To keep a buffer in memory at all times you must do the following.

1) Crank up the allowed working set for your process via the SetProcessWorkingSetSize API.  I can not emphasize the care that should be taken.  From MSDN:

Using the SetProcessWorkingSetSize function to set an application's minimum and maximum working set sizes does not guarantee that the requested memory will be reserved, or that it will remain resident at all times. When the application is idle, or a low-memory situation causes a demand for memory, the operating system can reduce the application's working set. An application can use the VirtualLock function to lock ranges of the application's virtual address space in memory; however, that can potentially degrade the performance of the system.

When you increase the working set size of an application, you are taking away physical memory from the rest of the system. This can degrade the performance of other applications and the system as a whole. It can also lead to failures of operations that require physical memory to be present; for example, creating processes, threads, and kernel pool. Thus, you must use the SetProcessWorkingSetSize function carefully. You must always consider the performance of the whole system when you are designing an application.

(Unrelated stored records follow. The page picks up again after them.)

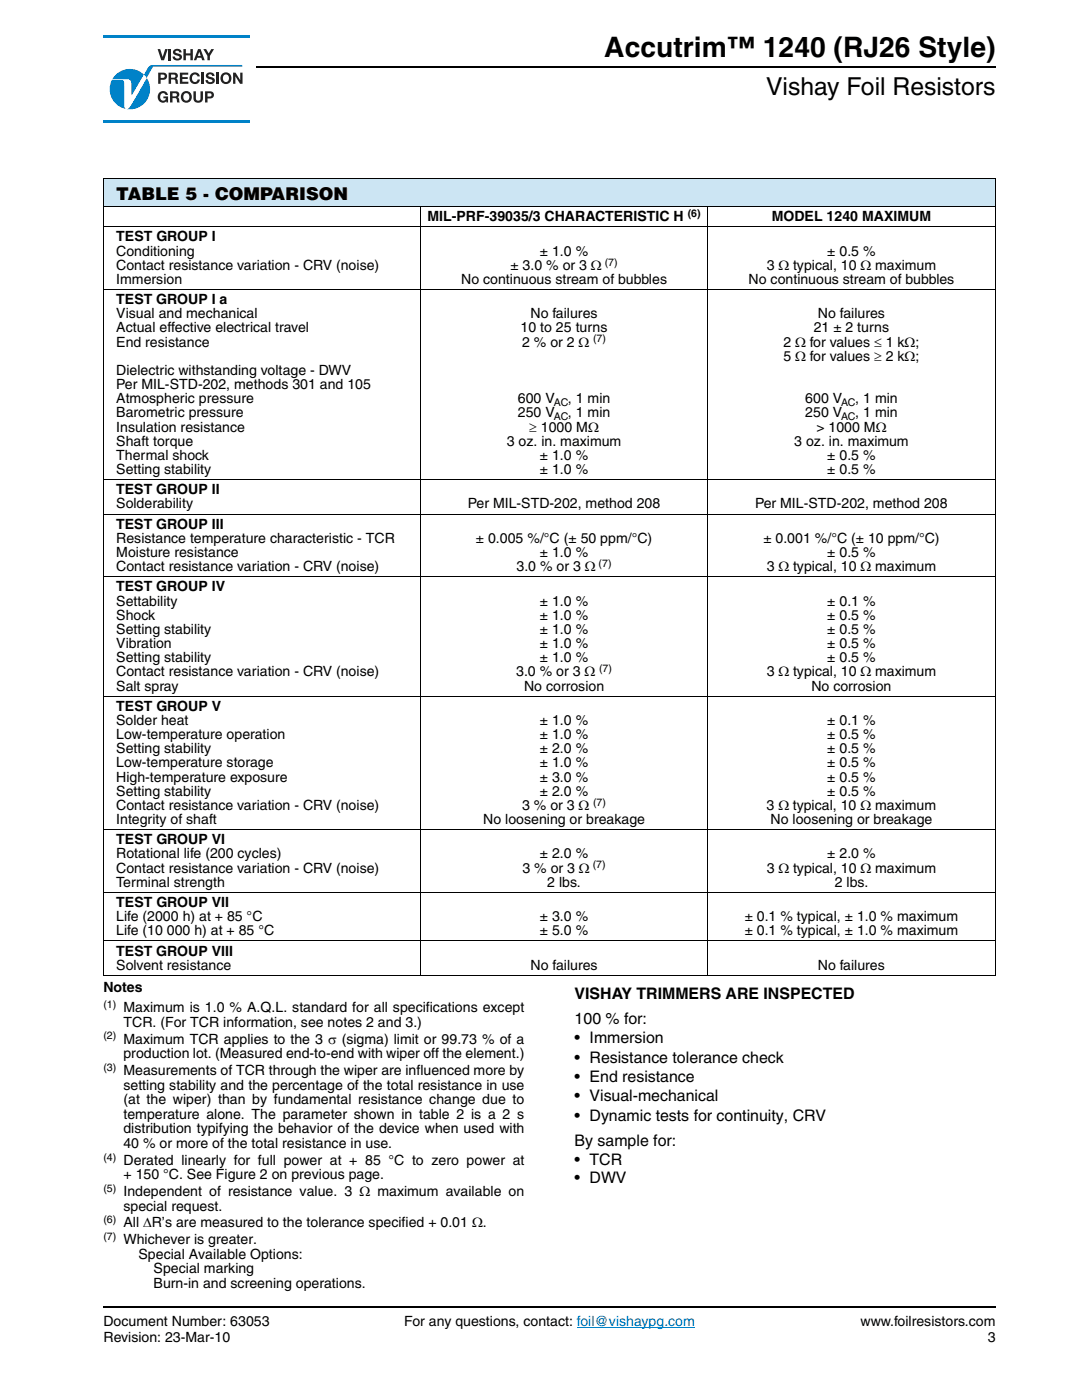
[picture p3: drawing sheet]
<svg xmlns="http://www.w3.org/2000/svg" width="216mm" height="279mm" viewBox="0 0 216 279" stroke-linecap="round" stroke-linejoin="round" font-family="sans-serif">
<defs><g id="words">
<text font-size="5.6" x="120.6" y="11.3">Accutrim™ 1240 (RJ26 Style)</text>
<text font-size="4.9" x="152.9" y="18.9">Vishay Foil Resistors</text>
<text font-size="3.5" x="23.2" y="39.8">TABLE 5 - COMPARISON</text>
<g font-size="3.2">
<text x="114.7" y="199.3">VISHAY TRIMMERS ARE INSPECTED</text>
<text x="114.7" y="204.3">100 % for:</text>
<text x="114.7" y="208.2">• Immersion</text>
<text x="114.7" y="212">• Resistance tolerance check</text>
<text x="114.7" y="215.9">• End resistance</text>
<text x="114.7" y="219.8">• Visual-mechanical</text>
<text x="114.7" y="223.7">• Dynamic tests for continuity, CRV</text>
<text x="114.7" y="228.6">By sample for:</text>
<text x="114.7" y="232.5">• TCR</text>
<text x="114.7" y="236.2">• DWV</text>
</g>
<g font-size="2.8">
<text x="85.3" y="44.1">MIL-PRF-39035/3 CHARACTERISTIC H</text>
<text x="154" y="44.1">MODEL 1240 MAXIMUM</text>
<text x="23.2" y="48.2">TEST GROUP I</text>
<text x="23.2" y="51">Conditioning</text>
<text x="23.2" y="53.8">Contact resistance variation - CRV (noise)</text>
<text x="101.9" y="53.8">± 3.0 % or 3 Ω</text>
<text x="107.7" y="51">± 1.0 %</text>
<text x="153" y="53.8">3 Ω typical, 10 Ω maximum</text>
<text x="165.1" y="51">± 0.5 %</text>
<text x="23.2" y="56.7">Immersion</text>
<text x="92" y="56.7">No continuous stream of bubbles</text>
<text x="149.4" y="56.7">No continuous stream of bubbles</text>
<text x="23.2" y="60.7">TEST GROUP I a</text>
<text x="23.2" y="63.5">Visual and mechanical</text>
<text x="105.9" y="63.5">No failures</text>
<text x="163.2" y="63.5">No failures</text>
<text x="23.2" y="66.4">Actual effective electrical travel</text>
<text x="23.2" y="69.2">End resistance</text>
<text x="103.9" y="66.4">10 to 25 turns</text>
<text x="104.2" y="69.2">2 % or 2 Ω</text>
<text x="156.3" y="69.2">2 Ω for values ≤ 1 kΩ;</text>
<text x="162.4" y="66.4">21 ± 2 turns</text>
<text x="23.2" y="74.8">Dielectric withstanding voltage - DWV</text>
<text x="23.2" y="77.7">Per MIL-STD-202, methods 301 and 105</text>
<text x="156.3" y="72">5 Ω for values ≥ 2 kΩ;</text>
<text x="23.2" y="80.5">Atmospheric pressure</text>
<text x="23.2" y="83.3">Barometric pressure</text>
<text x="103.3" y="83.3">250 V</text>
<text x="103.3" y="80.5">600 V</text>
<text x="113.3" y="80.5">, 1 min</text>
<text x="113.3" y="83.3">, 1 min</text>
<text x="160.7" y="83.3">250 V</text>
<text x="160.7" y="80.5">600 V</text>
<text x="170.7" y="80.5">, 1 min</text>
<text x="170.7" y="83.3">, 1 min</text>
<text x="23.2" y="86.1">Insulation resistance</text>
<text x="23.2" y="88.9">Shaft torque</text>
<text x="101.1" y="88.9">3 oz. in. maximum</text>
<text x="105.6" y="86.1">≥ 1000 MΩ</text>
<text x="158.5" y="88.9">3 oz. in. maximum</text>
<text x="162.9" y="86.1">&gt; 1000 MΩ</text>
<text x="23.2" y="91.8">Thermal shock</text>
<text x="23.2" y="94.6">Setting stability</text>
<text x="107.7" y="91.8">± 1.0 %</text>
<text x="107.7" y="94.6">± 1.0 %</text>
<text x="165.1" y="91.8">± 0.5 %</text>
<text x="165.1" y="94.6">± 0.5 %</text>
<text x="23.2" y="98.7">TEST GROUP II</text>
<text x="23.2" y="101.5">Solderability</text>
<text x="93.3" y="101.5">Per MIL-STD-202, method 208</text>
<text x="150.7" y="101.5">Per MIL-STD-202, method 208</text>
<text x="23.2" y="105.5">TEST GROUP III</text>
<text x="23.2" y="108.4">Resistance temperature characteristic - TCR</text>
<text x="23.2" y="111.2">Moisture resistance</text>
<text x="95" y="108.4">± 0.005 %/°C (± 50 ppm/°C)</text>
<text x="107.7" y="111.2">± 1.0 %</text>
<text x="152.3" y="108.4">± 0.001 %/°C (± 10 ppm/°C)</text>
<text x="165.1" y="111.2">± 0.5 %</text>
<text x="23.2" y="114">Contact resistance variation - CRV (noise)</text>
<text x="23.2" y="118">TEST GROUP IV</text>
<text x="103.1" y="114">3.0 % or 3 Ω</text>
<text x="153" y="114">3 Ω typical, 10 Ω maximum</text>
<text x="23.2" y="120.9">Settability</text>
<text x="23.2" y="123.7">Shock</text>
<text x="107.7" y="120.9">± 1.0 %</text>
<text x="107.7" y="123.7">± 1.0 %</text>
<text x="165.1" y="120.9">± 0.1 %</text>
<text x="165.1" y="123.7">± 0.5 %</text>
<text x="23.2" y="126.5">Setting stability</text>
<text x="23.2" y="129.3">Vibration</text>
<text x="107.7" y="126.5">± 1.0 %</text>
<text x="107.7" y="129.3">± 1.0 %</text>
<text x="165.1" y="126.5">± 0.5 %</text>
<text x="165.1" y="129.3">± 0.5 %</text>
<text x="23.2" y="132.2">Setting stability</text>
<text x="23.2" y="135">Contact resistance variation - CRV (noise)</text>
<text x="23.2" y="137.8">Salt spray</text>
<text x="103" y="135">3.0 % or 3 Ω</text>
<text x="104.6" y="137.8">No corrosion</text>
<text x="107.7" y="132.2">± 1.0 %</text>
<text x="153" y="135">3 Ω typical, 10 Ω maximum</text>
<text x="161.9" y="137.8">No corrosion</text>
<text x="165.1" y="132.2">± 0.5 %</text>
<text x="23.2" y="141.9">TEST GROUP V</text>
<text x="23.2" y="144.7">Solder heat</text>
<text x="23.2" y="147.5">Low-temperature operation</text>
<text x="107.7" y="144.7">± 1.0 %</text>
<text x="107.7" y="147.5">± 1.0 %</text>
<text x="165.1" y="144.7">± 0.1 %</text>
<text x="165.1" y="147.5">± 0.5 %</text>
<text x="23.2" y="150.3">Setting stability</text>
<text x="23.2" y="153.2">Low-temperature storage</text>
<text x="23.2" y="156">High-temperature exposure</text>
<text x="107.7" y="150.3">± 2.0 %</text>
<text x="107.7" y="153.2">± 1.0 %</text>
<text x="107.7" y="156">± 3.0 %</text>
<text x="165.1" y="150.3">± 0.5 %</text>
<text x="165.1" y="153.2">± 0.5 %</text>
<text x="165.1" y="156">± 0.5 %</text>
<text x="23.2" y="158.8">Setting stability</text>
<text x="23.2" y="161.6">Contact resistance variation - CRV (noise)</text>
<text x="104.2" y="161.6">3 % or 3 Ω</text>
<text x="107.7" y="158.8">± 2.0 %</text>
<text x="153" y="161.6">3 Ω typical, 10 Ω maximum</text>
<text x="165.1" y="158.8">± 0.5 %</text>
<text x="23.2" y="164.4">Integrity of shaft</text>
<text x="96.4" y="164.4">No loosening or breakage</text>
<text x="153.8" y="164.4">No loosening or breakage</text>
<text x="23.2" y="168.5">TEST GROUP VI</text>
<text x="23.2" y="171.3">Rotational life (200 cycles)</text>
<text x="107.7" y="171.3">± 2.0 %</text>
<text x="165.1" y="171.3">± 2.0 %</text>
<text x="23.2" y="174.1">Contact resistance variation - CRV (noise)</text>
<text x="23.2" y="177">Terminal strength</text>
<text x="104.2" y="174.1">3 % or 3 Ω</text>
<text x="109.2" y="177">2 lbs.</text>
<text x="153" y="174.1">3 Ω typical, 10 Ω maximum</text>
<text x="166.6" y="177">2 lbs.</text>
<text x="23.2" y="181">TEST GROUP VII</text>
<text x="23.2" y="183.9">Life (2000 h) at + 85 °C</text>
<text x="107.7" y="183.9">± 3.0 %</text>
<text x="148.6" y="183.9">± 0.1 % typical, ± 1.0 % maximum</text>
<text x="23.2" y="186.7">Life (10 000 h) at + 85 °C</text>
<text x="23.2" y="190.7">TEST GROUP VIII</text>
<text x="107.7" y="186.7">± 5.0 %</text>
<text x="148.6" y="186.7">± 0.1 % typical, ± 1.0 % maximum</text>
<text x="23.2" y="193.5">Solvent resistance</text>
<text x="105.9" y="193.5">No failures</text>
<text x="163.2" y="193.5">No failures</text>
<text x="20.6" y="198.1">Notes</text>
<text x="24.6" y="202">Maximum is 1.0 % A.Q.L. standard for all specifications except</text>
<text x="24.6" y="204.9">TCR. (For TCR information, see notes 2 and 3.)</text>
<text x="24.6" y="208.3">Maximum TCR applies to the 3 σ (sigma) limit or 99.73 % of a</text>
<text x="24.6" y="211.2">production lot. (Measured end-to-end with wiper off the element.)</text>
<text x="24.6" y="214.5">Measurements of TCR through the wiper are influenced more by</text>
<text x="24.6" y="217.4">setting stability and the percentage of the total resistance in use</text>
<text x="24.6" y="220.4">(at the wiper) than by fundamental resistance change due to</text>
<text x="24.6" y="223.3">temperature alone. The parameter shown in table 2 is a 2 s</text>
<text x="24.6" y="226.2">distribution typifying the behavior of the device when used with</text>
<text x="24.6" y="229.1">40 % or more of the total resistance in use.</text>
<text x="24.6" y="232.5">Derated linearly for full power at + 85 °C to zero power at</text>
<text x="24.6" y="235.4">+ 150 °C. See Figure 2 on previous page.</text>
<text x="24.6" y="238.7">Independent of resistance value. 3 Ω maximum available on</text>
<text x="24.6" y="241.6">special request.</text>
<text x="24.6" y="245">All ΔR’s are measured to the tolerance specified + 0.01 Ω.</text>
<text x="24.6" y="248.3">Whichever is greater.</text>
<text x="27.6" y="251.2">Special Available Options:</text>
<text x="30.6" y="254.1">Special marking</text>
<text x="30.6" y="257">Burn-in and screening operations.</text>
<text x="20.6" y="264.7">Document Number: 63053</text>
<text x="20.6" y="267.9">Revision: 23-Mar-10</text>
<text x="80.6" y="264.7">For any questions, contact: foil@vishaypg.com</text>
<text x="171.7" y="264.7">www.foilresistors.com</text>
<text x="197.1" y="267.9">3</text>
</g>
<g font-size="2.1">
<text x="137.2" y="43.3">(6)</text>
<text x="120.7" y="53">(7)</text>
<text x="118.3" y="68.3">(7)</text>
<text x="110.5" y="81">AC</text>
<text x="110.5" y="83.8">AC</text>
<text x="167.9" y="81">AC</text>
<text x="167.9" y="83.8">AC</text>
<text x="119.4" y="113.2">(7)</text>
<text x="119.5" y="134.1">(7)</text>
<text x="118.3" y="160.8">(7)</text>
<text x="118.3" y="173.3">(7)</text>
<text x="20.6" y="201.2">(1)</text>
<text x="20.6" y="207.4">(2)</text>
<text x="20.6" y="213.7">(3)</text>
<text x="20.6" y="231.6">(4)</text>
<text x="20.6" y="237.8">(5)</text>
<text x="20.6" y="244.1">(6)</text>
<text x="20.6" y="247.5">(7)</text>
</g>
</g></defs>
<path d="M51.1 13.3h147.5" fill="none" stroke="#000" stroke-width=".36"/>
<path d="M20.6 7h29.4v17.5h-29.4z" fill="#fff"/>
<g fill="#0082c8">
<path d="M22.3 16h2.3a7.4 7.4 0 0 1 .2 3.3v1.7a.58 .58 0 0 0 .8 .7l.8-1.2 2.9-5a4 4 0 0 1-3.1 6.3 4 4 0 0 1-3.9-5.8z"/>
<path d="M23.1 14.9a4 4 0 0 1 5.6 0l-2.4 4.1-.1-.1v-1.8a.96 .96 0 0 0-.2-1 .96 .96 0 0 0-1-.3h-2.6z"/>
</g>
<path d="M36.5 13.1h2z" fill="#231f20"/>
<path d="M22.4 15.8h2.1a1.83 1.83 0 0 1 1.6 .4l.1 .6v2.1l.1 .1 2.4-4.1 .6 .6-3.2 5.6a.73 .73 0 0 1-1.1 .5l-.2-.6v-3.3a1.58 1.58 0 0 0-.4-1.7h-2.1z" fill="#fff"/>
<path d="M29.7 13.3l.6-.3h18v.3h-17.6l-.2 .1-1.2 2.1-.6-.6z" fill="#0082c8"/>
<g fill="#231f20">
<path d="M31.9 18.4a.99 .99 0 0 1 1.6 .6h-.5a.57 .57 0 0 0-.7-.4 .57 .57 0 0 0-.3 .7 .58 .58 0 0 0 .4 .8 .58 .58 0 0 0 .7-.5h-.5v-.4h.9v1.3h-.3v-.3a1.09 1.09 0 0 1-1.5-.1 1.09 1.09 0 0 1 0-1.5z"/>
<path d="M38.6 18.2h.5v1.6a.5 .5 0 0 0 .9 .1v-1.7h.5v1.4a.95 .95 0 0 1-1 .9 .95 .95 0 0 1-.9-.9z"/>
<path d="M35.9 14.5h1.7v.4h-1.2v.5h1.1v.4h-1.1v.5h1.2v.4h-1.7z"/>
<path d="M38.2 14.7a1 1 0 0 1 1.7 .5h-.5a.58 .58 0 0 0-.7-.3 .58 .58 0 0 0-.4 .7 .57 .57 0 0 0 .4 .7 .57 .57 0 0 0 .7-.4h.5a1.1 1.1 0 0 1-1.6 .7 1.1 1.1 0 0 1-.3-1.7z"/>
<path d="M40.2 14.5h.5v2.2h-.5z"/>
<path d="M41.3 14.6a.91 .91 0 0 1 1.5 .6h-.5a.41 .41 0 0 0-.3-.4 .41 .41 0 0 0-.4 .3l.6 .3a.66 .66 0 0 1 .7 .6 .66 .66 0 0 1-.5 .7 .97 .97 0 0 1-1.4-.7h.5a.49 .49 0 0 0 .4 .4 .49 .49 0 0 0 .5-.3l-.1-.2-.6-.1a.63 .63 0 0 1-.6-.5 .63 .63 0 0 1 .2-.7z"/>
<path d="M43.2 14.5h.5v2.2h-.5z"/>
<path d="M46.5 14.5h.5l.9 1.5v-1.5h.5v2.2h-.5l-.9-1.5v1.5h-.5z"/>
<path d="M31.5 9.8h.5l.5 1.6 .5-1.6h.5l-.8 2.2h-.5z"/>
<path d="M33.7 9.8h.4v2.2h-.4z"/>
<path d="M34.8 9.9a.91 .91 0 0 1 1.4 .6h-.4a.41 .41 0 0 0-.4-.4 .41 .41 0 0 0-.4 .3l.6 .3a.66 .66 0 0 1 .7 .6 .66 .66 0 0 1-.5 .7 .97 .97 0 0 1-1.4-.7h.5a.49 .49 0 0 0 .4 .4 .49 .49 0 0 0 .5-.3l-.1-.2-.5-.2a.63 .63 0 0 1-.7-.4 .63 .63 0 0 1 .3-.7z"/>
<path d="M36.6 9.8h.5v.9h.9v-.9h.5v2.2h-.5v-.9h-.9v.9h-.5z"/>
<path d="M40.6 9.8h.5l.5 .9 .6-.9h.5l-.8 1.4v.8h-.5v-.8z"/>
<path d="M34.4 18.6v.6h.7a.32 .32 0 0 0 .2-.4 .32 .32 0 0 0-.3-.2zM33.9 18.2h1.2a.62 .62 0 0 1 .7 .5 .62 .62 0 0 1-.4 .7l.3 .3 .1 .8h-.4l-.1-.4a.4 .4 0 0 0-.4-.5h-.5v.9h-.5z"/>
<path d="M36.7 18.8a.7 .7 0 0 0 0 1 .7 .7 0 0 0 .9 .1 .7 .7 0 0 0 .1-1 .7 .7 0 0 0-1-.1zM36 19.3a1.15 1.15 0 0 1 2.3 0 1.15 1.15 0 0 1-2.3 0z"/>
<path d="M41.4 18.6v.7l.8-.1v-.5zM40.9 18.2h1a.72 .72 0 0 1 .8 .7 .72 .72 0 0 1-.8 .8h-.5v.8h-.5z"/>
<path d="M32.1 14.9v.6l.7-.1v-.4zM31.6 14.5h1a.72 .72 0 0 1 .7 .7 .72 .72 0 0 1-.7 .7h-.5v.8h-.5z"/>
<path d="M34.1 14.9v.6h.8a.32 .32 0 0 0 .1-.4 .32 .32 0 0 0-.3-.2zM33.6 14.5h1.2a.62 .62 0 0 1 .7 .5 .62 .62 0 0 1-.4 .7l.3 .3 .2 .7h-.5l-.1-.3a.4 .4 0 0 0-.4-.5h-.5v.8h-.5z"/>
<path d="M44.6 15.1a.7 .7 0 0 0 0 1 .7 .7 0 0 0 1 0 .7 .7 0 0 0 0-1 .7 .7 0 0 0-1 0zM43.9 15.6a1.15 1.15 0 0 1 2.3 0 1.15 1.15 0 0 1-2.3 0z"/>
<path d="M39.8 10.3l-.3 .9h.5zM39.5 9.8h.5l.9 2.2h-.6l-.1-.5h-.9l-.1 .5h-.5z"/>
</g>
<path d="M20.6 7.2h29.3M20.6 24.3h29.3" fill="none" stroke="#0082c8" stroke-width=".42"/>
<path d="M115.1 264.9h23.6" fill="none" stroke="#007ec4" stroke-width=".2"/>
<path d="M20.6 260.8h178" fill="none" stroke="#000" stroke-width=".36"/>
<path d="M20.6 35.7h178v5.5h-178z" fill="#cce5f3"/>
<g fill="none" stroke="#000" stroke-width=".2">
<path d="M20.6 35.7h178.1M20.6 35.8v158.8M198.6 35.8v158.8M20.6 41.2h178.1M20.6 45.3h178.1M20.6 57.8h178.1M84 41.1v153.7M141.1 41.1v153.7M20.6 95.7h178.1M20.6 102.6h178.1M20.6 115.1h178.1M20.6 138.9h178.1"/>
<path d="M20.6 165.6h178.1M20.6 178.1h178.1M20.6 187.8h178.1M20.6 194.7h178.1"/>
</g>
<use href="#words"/>
</svg>

2) Use the VirtualAlloc API to allocate your big buffer.  I think you could actually use any memory allocator, but VirtualAlloc is probably safest.

3) Use the VirtualLock API to lock the buffer in memory.  Again, this is a fairly mean thing to do to an OS, especially with buffers of this size.  Again from MSDN:

Locking pages into memory may degrade the performance of the system by reducing the available RAM and forcing the system to swap out other critical pages to the paging file. By default, a process can lock a maximum of 30 pages. The default limit is intentionally small to avoid severe performance degradation. Applications that need to lock larger numbers of pages must first call the SetProcessWorkingSetSize function to increase their minimum and maximum working set sizes. The maximum number of pages that a process can lock is equal to the number of pages in its minimum working set minus a small overhead.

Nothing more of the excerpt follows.